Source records
BEGIN
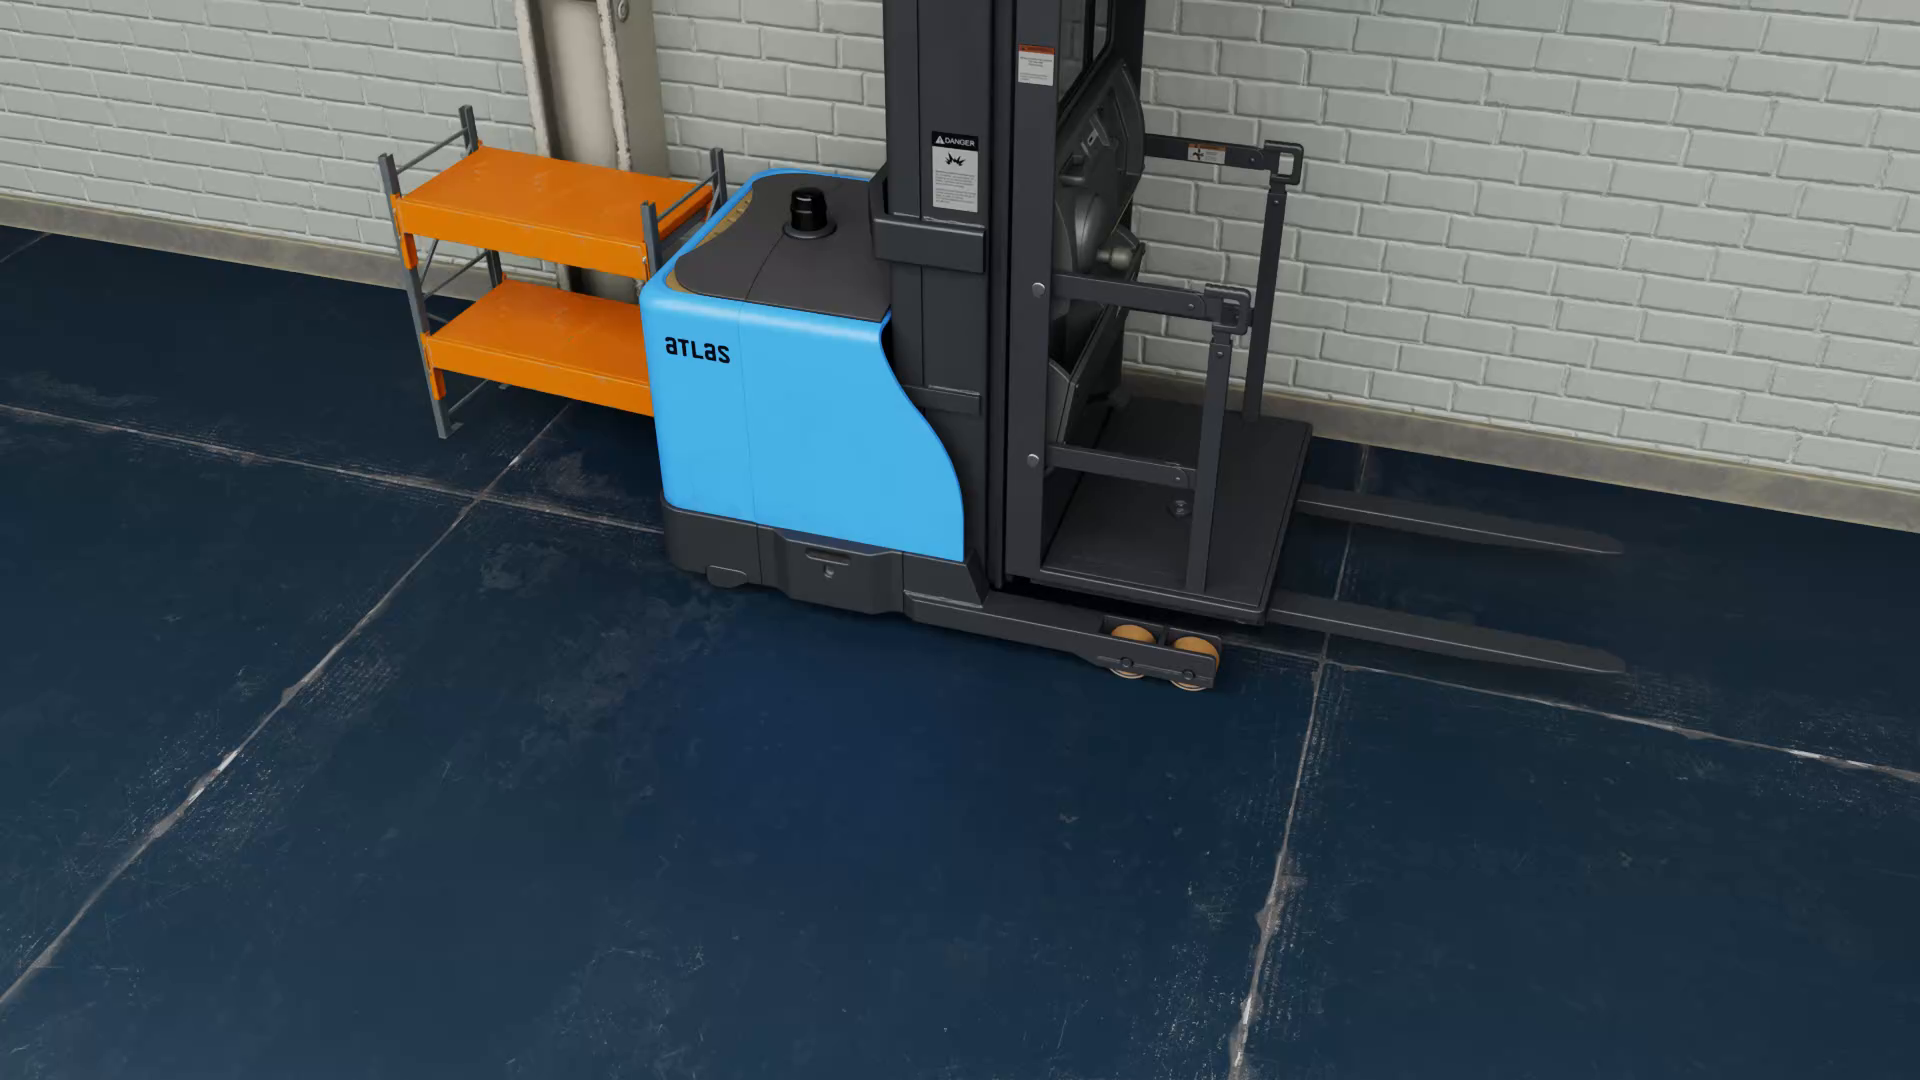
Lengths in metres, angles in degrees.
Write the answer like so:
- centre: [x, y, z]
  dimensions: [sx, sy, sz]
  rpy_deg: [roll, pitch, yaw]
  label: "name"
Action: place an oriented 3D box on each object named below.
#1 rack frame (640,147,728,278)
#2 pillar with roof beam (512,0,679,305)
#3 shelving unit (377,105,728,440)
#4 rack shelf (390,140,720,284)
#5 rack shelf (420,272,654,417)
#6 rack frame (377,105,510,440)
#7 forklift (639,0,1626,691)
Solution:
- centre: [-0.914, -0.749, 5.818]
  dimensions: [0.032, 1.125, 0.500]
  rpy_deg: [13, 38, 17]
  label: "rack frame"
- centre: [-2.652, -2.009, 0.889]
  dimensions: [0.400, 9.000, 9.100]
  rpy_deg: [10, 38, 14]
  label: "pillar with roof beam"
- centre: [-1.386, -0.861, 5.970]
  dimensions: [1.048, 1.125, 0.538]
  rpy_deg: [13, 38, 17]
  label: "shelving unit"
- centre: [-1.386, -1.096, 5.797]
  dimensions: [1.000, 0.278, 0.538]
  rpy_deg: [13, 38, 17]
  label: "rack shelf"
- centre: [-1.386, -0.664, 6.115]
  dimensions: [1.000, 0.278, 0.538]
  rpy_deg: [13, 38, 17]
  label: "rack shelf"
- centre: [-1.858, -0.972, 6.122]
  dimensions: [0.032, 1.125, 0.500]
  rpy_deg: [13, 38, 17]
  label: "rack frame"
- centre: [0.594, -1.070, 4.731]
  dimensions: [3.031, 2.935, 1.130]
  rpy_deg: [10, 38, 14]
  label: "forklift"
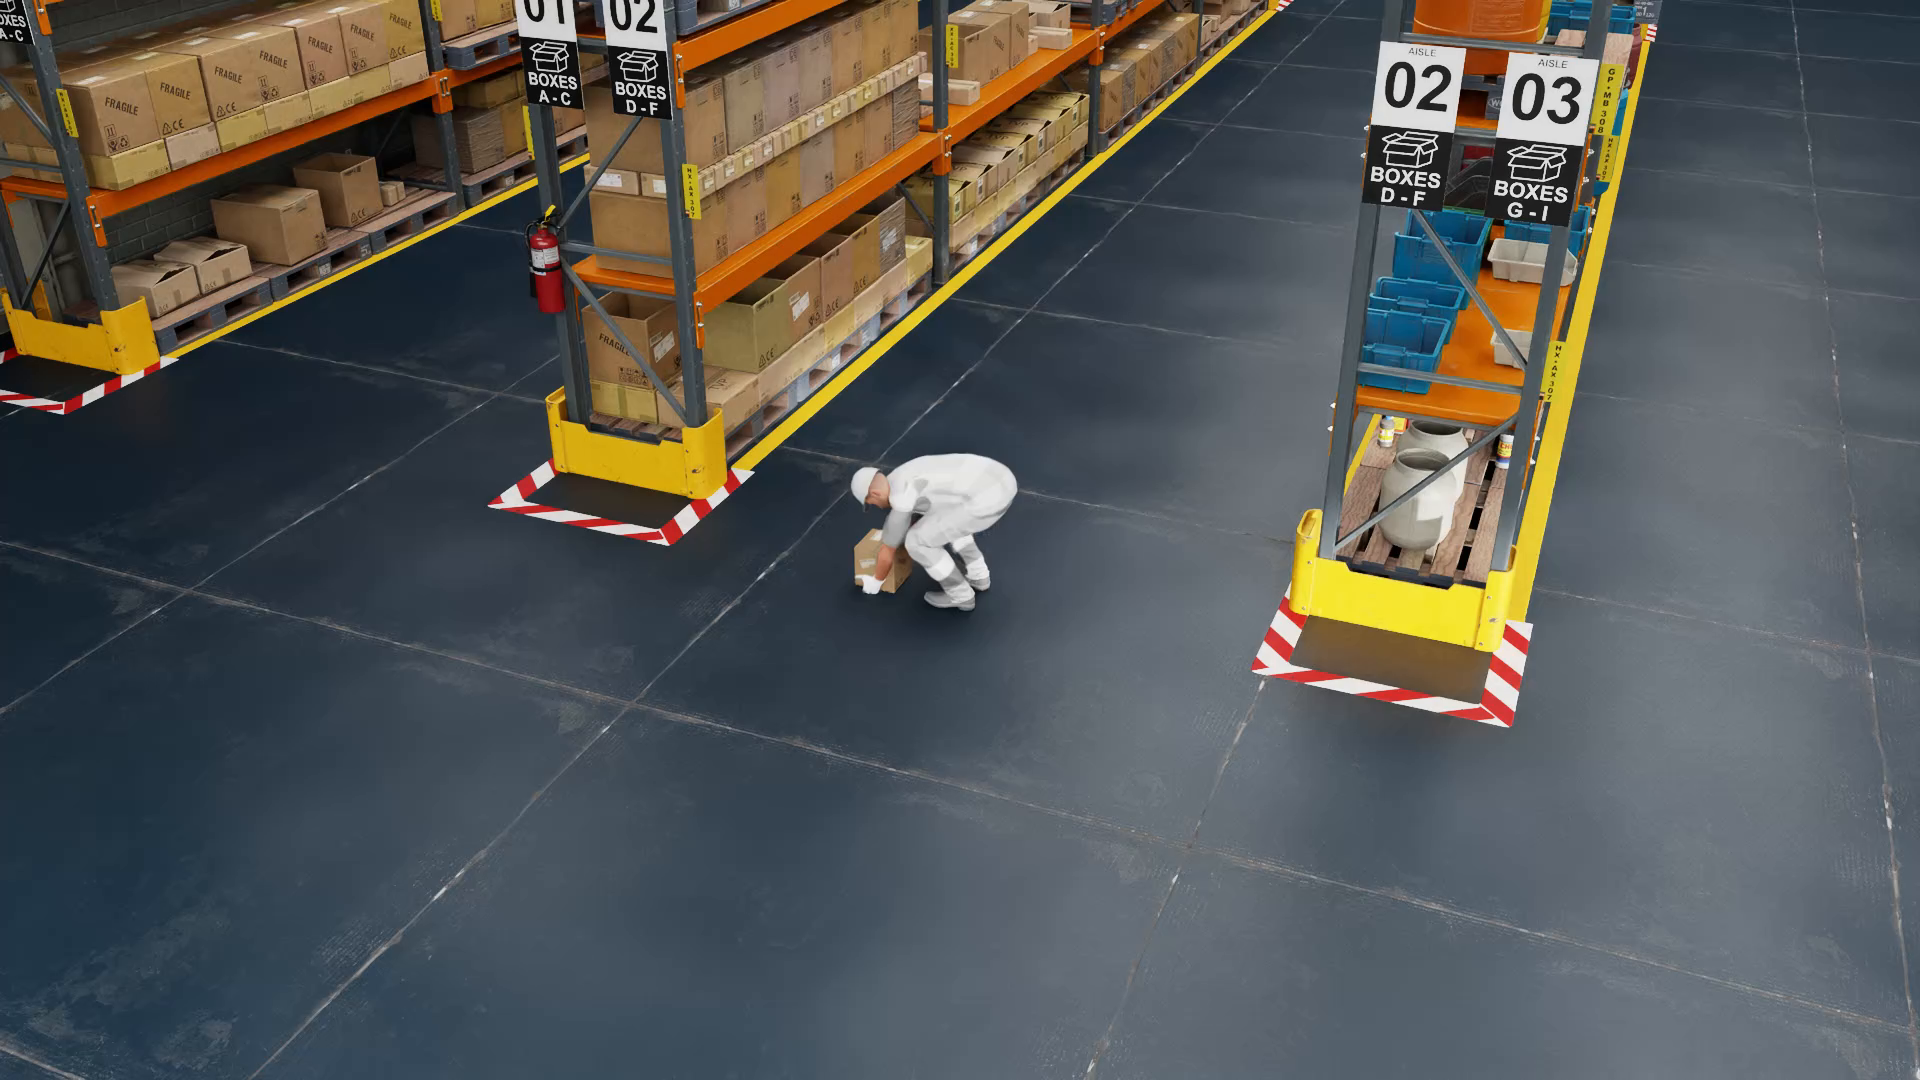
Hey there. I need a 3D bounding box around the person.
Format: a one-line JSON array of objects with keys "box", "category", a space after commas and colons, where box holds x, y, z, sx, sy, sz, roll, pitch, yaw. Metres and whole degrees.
END
▶ [Work task]: An exact reproduction of all the records is required, with no pictures included.

▶ [The answer]:
Lengths in metres, angles in degrees.
Write the answer like so:
- centre: [x, y, z]
  dimensions: [sx, sy, sz]
  rpy_deg: [roll, pitch, yaw]
  label: "name"
Action: place an oriented 3D box on each object named below.
#1 rack frame (640,147,728,278)
#2 pillar with roof beam (512,0,679,305)
#3 shelving unit (377,105,728,440)
#4 rack shelf (390,140,720,284)
#5 rack shelf (420,272,654,417)
#6 rack frame (377,105,510,440)
#7 forklift (639,0,1626,691)
Solution:
- centre: [-0.914, -0.749, 5.818]
  dimensions: [0.032, 1.125, 0.500]
  rpy_deg: [13, 38, 17]
  label: "rack frame"
- centre: [-2.652, -2.009, 0.889]
  dimensions: [0.400, 9.000, 9.100]
  rpy_deg: [10, 38, 14]
  label: "pillar with roof beam"
- centre: [-1.386, -0.861, 5.970]
  dimensions: [1.048, 1.125, 0.538]
  rpy_deg: [13, 38, 17]
  label: "shelving unit"
- centre: [-1.386, -1.096, 5.797]
  dimensions: [1.000, 0.278, 0.538]
  rpy_deg: [13, 38, 17]
  label: "rack shelf"
- centre: [-1.386, -0.664, 6.115]
  dimensions: [1.000, 0.278, 0.538]
  rpy_deg: [13, 38, 17]
  label: "rack shelf"
- centre: [-1.858, -0.972, 6.122]
  dimensions: [0.032, 1.125, 0.500]
  rpy_deg: [13, 38, 17]
  label: "rack frame"
- centre: [0.594, -1.070, 4.731]
  dimensions: [3.031, 2.935, 1.130]
  rpy_deg: [10, 38, 14]
  label: "forklift"
Hey there. I need a 3D bounding box around the person.
Format: a one-line JSON array of objects with keys "box", "category", a space after commas and colons, where box holds x, y, z, sx, sy, sz, roll, pitch, yaw. Metres and whole degrees.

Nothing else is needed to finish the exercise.